Bien que la juridiction internationale stipule l'obligation d'aider les équipages en détresse et de leur garantir un débarquement rapide et sûr, le renforcement des politiques sécuritaires de l'UE et la suspension des missions de sauvetage des États membres ont transformé la Méditerranée en un immense cimetière marin. Le bilan de cette dramatique catastrophe humanitaire est effrayant : depuis 2015, plus de 20 000 personnes seraient mortes ou disparues, et, selon l'Organisation internationale pour les migrations, on compte en 2022 déjà 650 victimes.
Depuis le début du mois de mai, des milliers de personnes ont tenté de débarquer en Europe en naviguant depuis la Libye et la Tunisie. Beaucoup y sont parvenus, d'autres ont été aidés par les garde-côtes et la Guardia di Finanza. Des centaines de personnes ont été secourues par les navires humanitaires des ONG et des associations de bénévoles, aujourd’hui de plus en plus en difficulté.
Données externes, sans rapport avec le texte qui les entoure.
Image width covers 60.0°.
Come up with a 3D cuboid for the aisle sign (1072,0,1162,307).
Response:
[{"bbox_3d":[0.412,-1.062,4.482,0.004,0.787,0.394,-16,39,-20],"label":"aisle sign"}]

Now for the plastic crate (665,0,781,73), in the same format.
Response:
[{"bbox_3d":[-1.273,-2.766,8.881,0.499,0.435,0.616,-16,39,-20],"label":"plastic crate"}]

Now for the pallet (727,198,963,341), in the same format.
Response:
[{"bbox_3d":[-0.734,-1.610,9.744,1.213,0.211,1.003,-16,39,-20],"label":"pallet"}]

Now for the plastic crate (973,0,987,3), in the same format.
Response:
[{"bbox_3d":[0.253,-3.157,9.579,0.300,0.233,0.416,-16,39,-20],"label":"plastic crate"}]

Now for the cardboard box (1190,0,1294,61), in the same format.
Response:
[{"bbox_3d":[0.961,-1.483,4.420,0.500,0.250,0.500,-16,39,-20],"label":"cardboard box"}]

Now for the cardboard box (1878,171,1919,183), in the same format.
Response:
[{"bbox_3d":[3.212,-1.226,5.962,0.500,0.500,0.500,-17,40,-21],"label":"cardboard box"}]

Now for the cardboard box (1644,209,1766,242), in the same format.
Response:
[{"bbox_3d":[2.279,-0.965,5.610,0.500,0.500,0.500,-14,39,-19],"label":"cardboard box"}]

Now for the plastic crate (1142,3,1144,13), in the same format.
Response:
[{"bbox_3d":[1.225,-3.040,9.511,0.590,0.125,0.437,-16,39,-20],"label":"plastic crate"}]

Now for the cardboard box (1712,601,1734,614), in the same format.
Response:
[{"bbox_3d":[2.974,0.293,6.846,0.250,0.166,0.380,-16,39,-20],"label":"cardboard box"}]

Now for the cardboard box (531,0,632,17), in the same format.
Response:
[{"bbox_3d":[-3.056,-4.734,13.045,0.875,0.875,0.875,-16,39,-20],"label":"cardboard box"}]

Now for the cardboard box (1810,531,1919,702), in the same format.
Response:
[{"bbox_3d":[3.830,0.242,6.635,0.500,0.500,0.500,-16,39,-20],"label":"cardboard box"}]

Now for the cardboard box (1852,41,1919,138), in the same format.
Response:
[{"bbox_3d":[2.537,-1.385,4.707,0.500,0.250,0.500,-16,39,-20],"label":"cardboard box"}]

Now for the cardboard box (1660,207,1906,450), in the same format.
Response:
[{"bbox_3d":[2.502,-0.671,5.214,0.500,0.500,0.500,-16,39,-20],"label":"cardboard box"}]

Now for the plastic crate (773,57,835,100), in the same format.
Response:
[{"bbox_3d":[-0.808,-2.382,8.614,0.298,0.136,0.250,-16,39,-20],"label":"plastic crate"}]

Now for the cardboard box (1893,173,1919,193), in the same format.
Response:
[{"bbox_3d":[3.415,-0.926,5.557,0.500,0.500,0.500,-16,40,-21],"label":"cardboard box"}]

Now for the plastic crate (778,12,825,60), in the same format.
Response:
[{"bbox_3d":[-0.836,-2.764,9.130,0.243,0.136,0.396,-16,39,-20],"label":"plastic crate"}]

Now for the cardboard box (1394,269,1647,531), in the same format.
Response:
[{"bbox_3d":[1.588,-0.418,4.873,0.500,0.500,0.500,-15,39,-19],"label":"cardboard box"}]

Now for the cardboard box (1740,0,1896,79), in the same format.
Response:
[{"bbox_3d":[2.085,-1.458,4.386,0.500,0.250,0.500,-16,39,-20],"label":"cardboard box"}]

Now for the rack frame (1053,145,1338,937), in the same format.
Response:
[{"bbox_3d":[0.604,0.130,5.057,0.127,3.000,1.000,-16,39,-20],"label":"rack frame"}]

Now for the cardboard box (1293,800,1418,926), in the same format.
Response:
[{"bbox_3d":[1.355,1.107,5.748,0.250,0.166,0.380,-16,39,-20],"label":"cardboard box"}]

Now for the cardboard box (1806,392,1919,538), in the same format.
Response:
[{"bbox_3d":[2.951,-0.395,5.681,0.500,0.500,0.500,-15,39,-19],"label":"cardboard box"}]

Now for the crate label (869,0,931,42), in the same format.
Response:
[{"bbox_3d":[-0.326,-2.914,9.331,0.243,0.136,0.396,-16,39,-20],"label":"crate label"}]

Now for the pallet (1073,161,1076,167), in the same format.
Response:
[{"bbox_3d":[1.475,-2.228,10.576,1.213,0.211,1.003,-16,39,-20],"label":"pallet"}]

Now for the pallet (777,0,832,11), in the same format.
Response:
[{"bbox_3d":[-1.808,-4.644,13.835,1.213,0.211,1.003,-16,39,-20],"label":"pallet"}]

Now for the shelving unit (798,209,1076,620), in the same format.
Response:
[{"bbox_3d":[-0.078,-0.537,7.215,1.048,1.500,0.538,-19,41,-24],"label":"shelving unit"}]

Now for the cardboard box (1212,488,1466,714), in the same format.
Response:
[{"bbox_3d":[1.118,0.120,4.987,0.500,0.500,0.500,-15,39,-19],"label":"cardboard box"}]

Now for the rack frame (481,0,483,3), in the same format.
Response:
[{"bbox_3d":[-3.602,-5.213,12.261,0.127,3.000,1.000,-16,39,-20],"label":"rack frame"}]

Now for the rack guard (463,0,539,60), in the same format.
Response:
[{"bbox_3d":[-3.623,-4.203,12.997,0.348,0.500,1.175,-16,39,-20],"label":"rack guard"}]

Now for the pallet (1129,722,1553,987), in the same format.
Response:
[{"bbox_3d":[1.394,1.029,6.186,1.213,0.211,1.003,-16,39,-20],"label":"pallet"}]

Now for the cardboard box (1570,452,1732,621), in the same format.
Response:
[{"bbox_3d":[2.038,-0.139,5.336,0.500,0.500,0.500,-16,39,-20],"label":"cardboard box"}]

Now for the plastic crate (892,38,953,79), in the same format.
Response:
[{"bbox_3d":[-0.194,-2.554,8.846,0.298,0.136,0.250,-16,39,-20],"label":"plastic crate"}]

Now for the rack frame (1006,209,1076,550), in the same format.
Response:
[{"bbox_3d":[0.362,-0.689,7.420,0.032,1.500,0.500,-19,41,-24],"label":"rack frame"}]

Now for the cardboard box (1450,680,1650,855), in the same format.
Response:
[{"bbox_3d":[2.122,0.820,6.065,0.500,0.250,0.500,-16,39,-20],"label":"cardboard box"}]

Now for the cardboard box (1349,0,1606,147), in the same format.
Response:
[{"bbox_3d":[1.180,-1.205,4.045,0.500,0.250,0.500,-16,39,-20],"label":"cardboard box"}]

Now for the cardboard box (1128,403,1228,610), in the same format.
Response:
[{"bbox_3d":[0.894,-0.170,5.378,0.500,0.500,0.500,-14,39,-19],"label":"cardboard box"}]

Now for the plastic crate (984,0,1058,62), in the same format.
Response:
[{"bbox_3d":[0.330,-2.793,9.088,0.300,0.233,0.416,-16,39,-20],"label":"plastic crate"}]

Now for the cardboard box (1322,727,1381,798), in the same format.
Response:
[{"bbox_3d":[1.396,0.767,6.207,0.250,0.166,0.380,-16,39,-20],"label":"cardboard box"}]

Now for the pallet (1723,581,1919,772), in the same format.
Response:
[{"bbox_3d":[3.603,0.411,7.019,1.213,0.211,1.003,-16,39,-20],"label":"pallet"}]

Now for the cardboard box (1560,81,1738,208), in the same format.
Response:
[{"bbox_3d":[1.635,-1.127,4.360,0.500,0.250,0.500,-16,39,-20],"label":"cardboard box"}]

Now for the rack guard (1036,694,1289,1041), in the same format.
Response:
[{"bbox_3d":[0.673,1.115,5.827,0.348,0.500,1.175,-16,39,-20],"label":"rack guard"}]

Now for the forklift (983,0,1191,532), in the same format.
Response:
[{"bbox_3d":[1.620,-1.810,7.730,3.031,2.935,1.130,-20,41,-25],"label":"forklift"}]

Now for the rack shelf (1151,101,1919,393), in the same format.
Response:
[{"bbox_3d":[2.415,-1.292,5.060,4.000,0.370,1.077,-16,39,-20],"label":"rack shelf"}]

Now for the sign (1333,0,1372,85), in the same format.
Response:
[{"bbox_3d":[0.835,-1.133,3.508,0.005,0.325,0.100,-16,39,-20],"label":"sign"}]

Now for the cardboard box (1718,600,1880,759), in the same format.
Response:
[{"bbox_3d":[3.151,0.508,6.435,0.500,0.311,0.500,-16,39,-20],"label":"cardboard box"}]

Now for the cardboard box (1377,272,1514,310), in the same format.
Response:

« En dix ans, le scénario a radicalement changé, bouleversant la perspective des sauvetages en mer, explique Fausto Melluso d'Arci Sicilia (1). Après le dramatique naufrage en 2013 au large de Lampedusa, où 366 personnes ont perdu la vie, le ministre italien de l'Intérieur de l'époque, Angelino Alfano, a autorisé la mission humanitaire Mare Nostrum (2), qui a été interrompue l'année suivante en raison de son coût trop élevé, alors qu'elle ne coûtait qu'un tiers de celle en l'Afghanistan. Les Etats se sont retirés en disant aux ONG : “maintenant, occupez-vous en !” Mais dans un renversement de la loi, ces mêmes navires qui se coordonnaient avec les garde-côtes sont désormais considérés comme des "criminels".»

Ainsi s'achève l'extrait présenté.